> _WORK TASK_: Exactly the lines below from the one with "5. boat shoe <box>370,245,541,379</box>" up to and including the one with "12. stacking toy <box>228,209,470,375</box>" make up the answer, with nothing else added.

◇ ◇ ◇

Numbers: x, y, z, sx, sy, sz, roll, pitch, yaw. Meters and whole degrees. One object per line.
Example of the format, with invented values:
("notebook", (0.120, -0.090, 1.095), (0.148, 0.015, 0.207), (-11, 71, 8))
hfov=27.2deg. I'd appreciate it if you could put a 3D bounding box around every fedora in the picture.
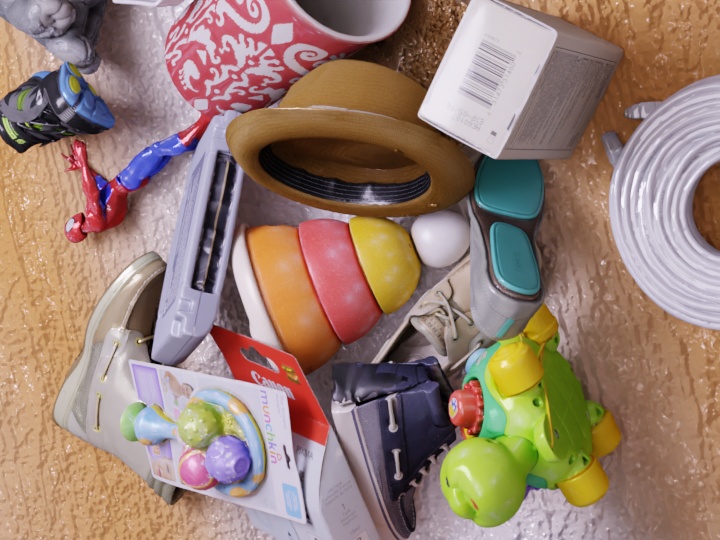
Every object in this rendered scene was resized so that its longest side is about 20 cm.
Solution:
("fedora", (-0.005, -0.109, 1.171), (0.200, 0.201, 0.082), (2, 67, 23))

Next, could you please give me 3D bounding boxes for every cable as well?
("cable", (0.292, -0.052, 1.145), (0.200, 0.069, 0.200), (-16, 88, 23))

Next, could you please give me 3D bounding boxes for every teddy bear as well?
("teddy bear", (0.033, -0.147, 1.256), (0.145, 0.067, 0.200), (12, 103, 35))

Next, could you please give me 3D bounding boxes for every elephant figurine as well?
("elephant figurine", (-0.236, -0.288, 1.333), (0.200, 0.155, 0.141), (-55, 33, 2))

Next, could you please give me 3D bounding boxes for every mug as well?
("mug", (-0.055, -0.216, 1.234), (0.200, 0.177, 0.134), (-29, 94, 51))

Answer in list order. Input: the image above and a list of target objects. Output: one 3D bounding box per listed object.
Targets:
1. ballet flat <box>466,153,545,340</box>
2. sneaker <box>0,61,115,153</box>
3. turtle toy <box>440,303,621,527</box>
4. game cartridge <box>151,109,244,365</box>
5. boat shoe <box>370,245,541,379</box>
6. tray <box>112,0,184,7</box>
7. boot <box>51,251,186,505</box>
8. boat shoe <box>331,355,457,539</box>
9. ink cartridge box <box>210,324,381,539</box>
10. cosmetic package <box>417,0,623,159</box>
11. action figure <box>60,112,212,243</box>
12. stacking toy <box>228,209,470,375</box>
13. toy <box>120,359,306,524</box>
("ballet flat", (0.109, -0.024, 1.181), (0.067, 0.200, 0.064), (17, 130, -9))
("sneaker", (-0.277, -0.136, 1.324), (0.083, 0.200, 0.071), (-43, 111, -17))
("turtle toy", (0.122, 0.124, 1.166), (0.101, 0.200, 0.146), (-25, 104, 26))
("game cartridge", (-0.138, -0.024, 1.278), (0.041, 0.133, 0.200), (15, 71, -17))
("boat shoe", (0.073, 0.047, 1.247), (0.072, 0.065, 0.200), (47, 110, 13))
("tray", (-0.116, -0.284, 1.252), (0.200, 0.107, 0.022), (-47, 117, -12))
("boot", (-0.183, 0.098, 1.357), (0.155, 0.072, 0.200), (34, 111, 18))
("boat shoe", (0.042, 0.153, 1.231), (0.093, 0.075, 0.200), (-9, 132, 10))
("ink cartridge box", (-0.071, 0.148, 1.244), (0.160, 0.047, 0.200), (16, 135, 55))
("cosmetic package", (0.127, -0.144, 1.137), (0.073, 0.200, 0.104), (30, 104, 17))
("action figure", (-0.217, -0.110, 1.357), (0.200, 0.065, 0.099), (-44, 86, 19))
("stacking toy", (0.000, 0.000, 1.263), (0.200, 0.146, 0.146), (-21, 86, 4))
("toy", (-0.134, 0.146, 1.242), (0.200, 0.047, 0.115), (9, 114, 46))

◇ ◇ ◇

> _OUTPUT BELOW_:
5. boat shoe <box>370,245,541,379</box>
6. tray <box>112,0,184,7</box>
7. boot <box>51,251,186,505</box>
8. boat shoe <box>331,355,457,539</box>
9. ink cartridge box <box>210,324,381,539</box>
10. cosmetic package <box>417,0,623,159</box>
11. action figure <box>60,112,212,243</box>
12. stacking toy <box>228,209,470,375</box>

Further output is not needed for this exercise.